AUTHOR=Shi Ameng , Li Ting , Zheng Ying , Song Yahua , Wang Haitao , Wang Na , Dong Lei , Shi Haitao 

TITLE=Chlorogenic Acid Improves NAFLD by Regulating gut Microbiota and GLP-1

JOURNAL=Frontiers in Pharmacology

VOLUME=Volume 12 - 2021

YEAR=2021

URL=https://www.frontiersin.org/journals/pharmacology/articles/10.3389/fphar.2021.693048

DOI=10.3389/fphar.2021.693048

ISSN=1663-9812

ABSTRACT=Our previous studies have shown that chlorogenic acid (CGA) could significantly improve acute and chronic liver injury through antioxidant and anti-inflammatory activities. However, its effect on non-alcoholic fatty liver disease (NAFLD) are not entirely clear. This study aims to explore the effect of CGA on NAFLD and whether it regulates the gut microbiota and Glucagon-like peptide-1 ( GLP-1 ). NAFLD mice were established by high fat diet (HFD) and treated with or without CGA. Serum transaminase, fasting plasma glucose (FPG), blood lipids, insulin, GLP-1 and lipopolysaccharide (LPS) were detected. Liver histology was evaluated with HE staining. TLR4 signaling pathway was analyzed with western blot and inflammatory cytokines were detected with real-time PCR. The numbers of gut microbiota were determined with real-time PCR of the bacterial 16S rRNA gene. Expressions of intestine tight junctional protein were examined with immunohistochemistry. CGA could alleviate HFD-induced hepatic steatosis and inflammation, reduce serum transaminase, FPG and blood lipids, increase insulin sensitivity. CGA also could reverse HFD-induced activation of TLR4 signaling pathway and expression of TNF-α and IL-6 in liver.
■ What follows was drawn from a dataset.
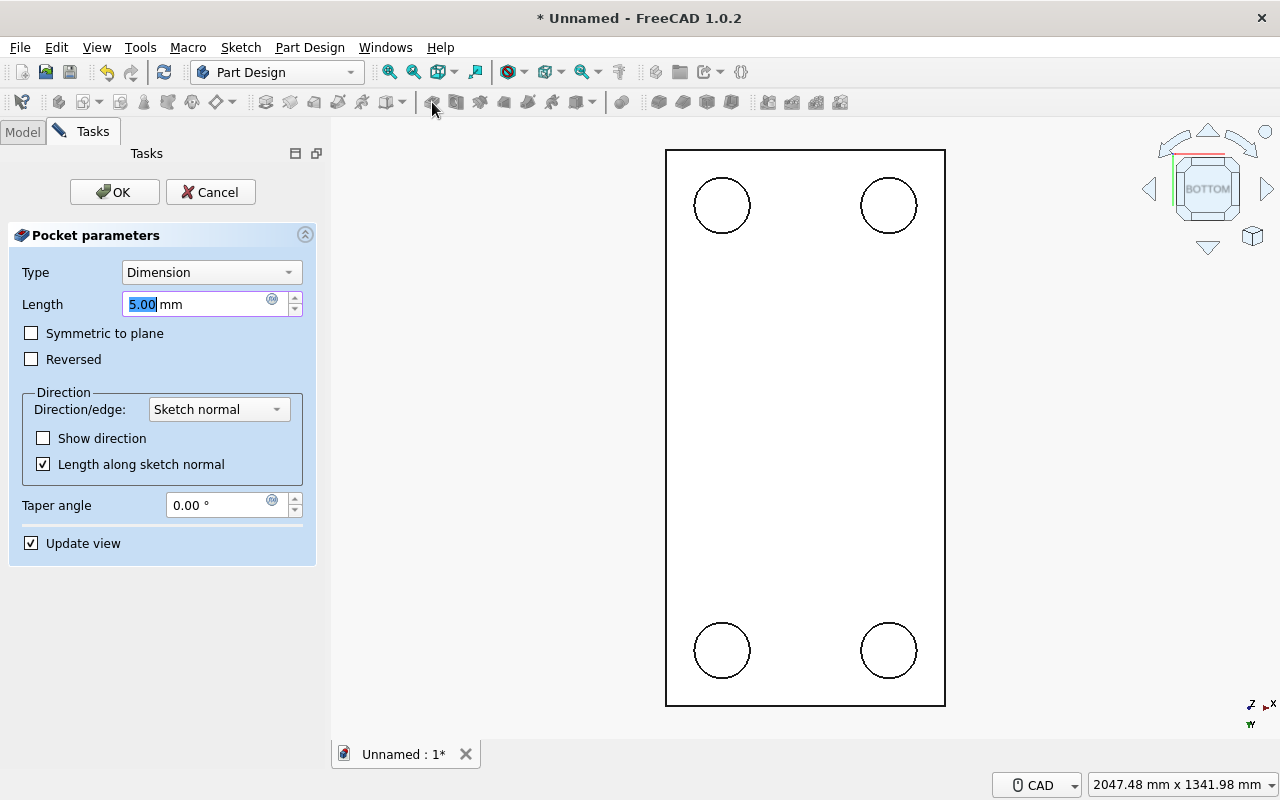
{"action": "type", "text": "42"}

Meanwhile, CGA increased the abundance of Bifidobacterium and Lactobacillus and reduced the abundance of Escherichia coli and Enterococcus in feces. Furthermore, CGA could increase the expression of tight junction proteins Occludin and ZO-1 in intestinal tissue. Moreover, CGA could decrease the level of LPS and increased the level of GLP-1 in portal vein. These results indicate that CGA protects against HFD-induced hepatic steatosis and inflammation probably through its anti-inflammatory effects associated with changes of gut microbiota and an increase of GLP-1 secretion and thus can be used as a potential drug for the treatment of NAFLD.